In writing this text, it was my objective to first provide the basic building blocks of polymer science and engineering by coverage of fundamental polymer chemistry and materials topics given in Chapters 1 through 7.
As a supplement to the traditional coverage of polymer thermodynamics, extensive discussion of phase equilibria, equation-of- state theories, and UNIFAC has been included in Chapter 3. Coverage of rheology, including the use of constitutive equations and the modeling of simple flow geometries, and the fundamentals of polymer processing operations are given in Chapter 11.

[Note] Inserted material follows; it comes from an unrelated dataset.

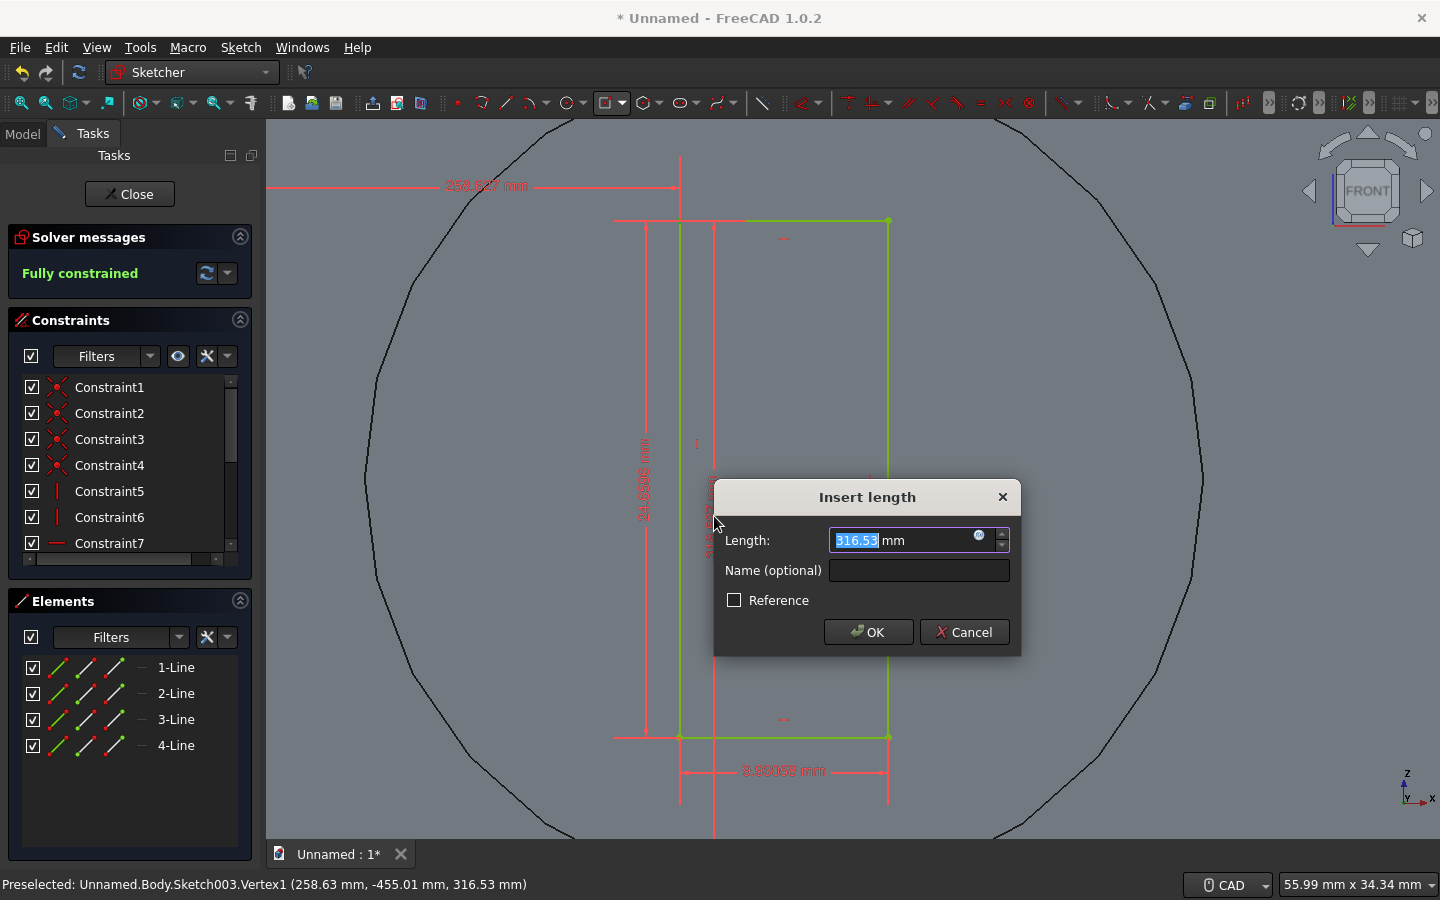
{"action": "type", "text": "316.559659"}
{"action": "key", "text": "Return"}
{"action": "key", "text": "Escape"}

Finally, I wanted to provide information on the exciting new materialsnowavailable and the emerging areas of technological growth that could motivate a new generation of scientists and engineers. For this reason, engineering and specialty polymers are surveyed in Chapter 10 and important new applications for polymers in separations (membrane separations), electronics (conducting polymers), biotechnology (controlled drug release), and other specialized areas of engineering are given in Chapter 12. In all, this has been an ambitious undertaking and I hope that I have succeeded in at least some of these goals.
Although the intended audience for this text is advanced undergraduates and graduate students in chemical engineering, the coverage of polymer science fundamentals (Chapters 1 through 7) should be suitable for a semester course in a materials science or chemistry curriculum.
Chapters 8 through 10 intended as survey chapters of the principal categories of polymers commodity thermoplastics and fibers, network polymers (elastomers and thermosets), and engineering and specialty polymers may be included to supplement and reinforce the material presented in the chapters on fundamentals and should serve as a useful reference source for the practicing scientist or engineer in the plastics industry.